Boston Barrier Scheme

How the Boston Barrier scheme was built

The project used the UN Sustainable Development Goals (SDGs) to monitor and evaluate its success.

Using SDG 12 - responsible consumption and production - helped the team identify various savings.

Carbon savings

The centrepiece of the scheme is the primary barrier gate. 

This is a 362-tonne, 26m-wide and 11m-high rising cill sector gate that's raised into position by two 55-tonne hydraulic rams to defend against tidal surges.

The forces exerted by the gate during these movements required a structure that was strong enough to form a unique design to accommodate the curvature of the barrier gate.

It also needed to meet the 100-year design life of the barrier. The only viable solution was in-situ and precast reinforced concrete, which would have resulted in a carbon-intensive project.

To make carbon savings in the barrier structure, the concrete mix incorporates 70% ground-granulated blast furnace slag (GGBS) as a cement replacement.

For every tonne of cement, about 860kg of carbon is produced, compared with 79kg per tonne of GGBS (which is a by-product of the iron industry).

In addition, GGBS is cheaper than cement and results in a dense concrete with good chemical resistance.

Another carbon-saving design decision was extensive 3D CAD modelling to enable clash detection, to verify the design and ultimately avoid rework required onsite.

The Environment Agency’s Ipswich barrier team, whose flood barrier opened in 2019, were instrumental in this decision-making.

By sharing lessons learnt and key knowledge, the Ipswich team, who had cast their gate recess onsite, suggested that prefabrication could simplify the process.

The Boston team’s solution was to generate 3D models for the 24 precast gate recess components, which were subsequently installed in three days.

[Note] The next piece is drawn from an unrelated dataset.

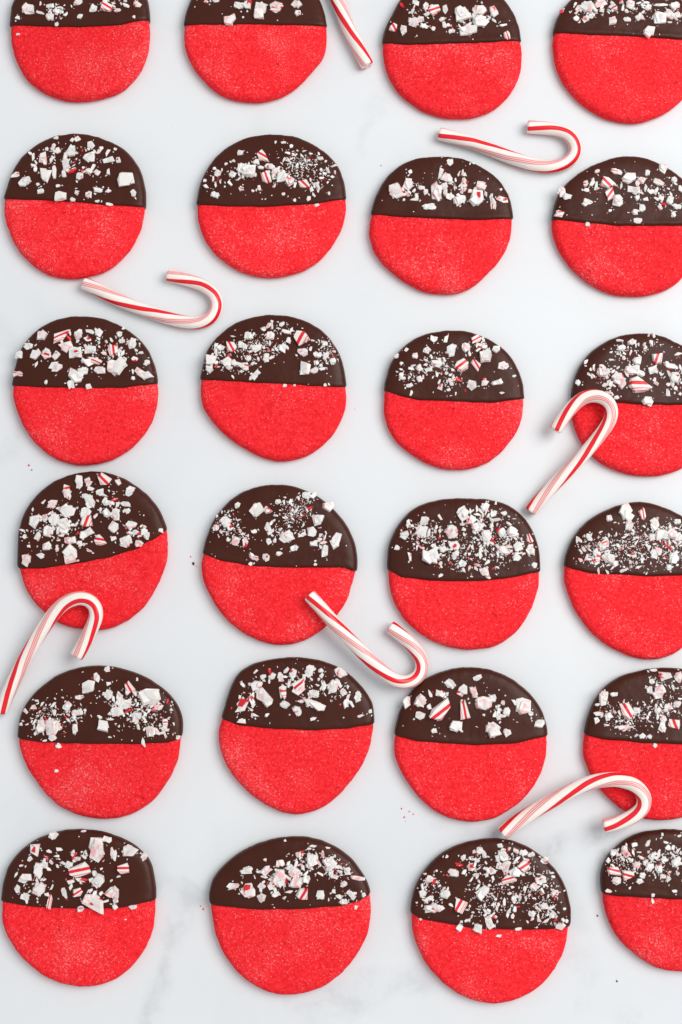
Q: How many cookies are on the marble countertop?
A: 24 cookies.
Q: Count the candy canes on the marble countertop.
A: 7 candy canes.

Scheme contractor BAM Nuttall/Mott MacDonald JV (BMMJV) also ordered prefabricated bespoke rebar cages, which cut the base slab reinforcement installation time from two months to two weeks.

Other savings included the potential to reuse dredged material as backfill and as capping at a local landfill site. This adjustment saved more than 30,000 lorry movements (and their associated emissions).

Time savings

By pre-casting the primary gate’s recess and ordering large, prefabricated reinforcement cages, a total of seven weeks were saved.

This also significantly improved the health, safety and wellbeing of the workforce during installation and reduced the need to work in confined spaces.

In addition, the site investigation, backed up by a settlement load test onsite, showed that the ground was suitable for shallow foundations.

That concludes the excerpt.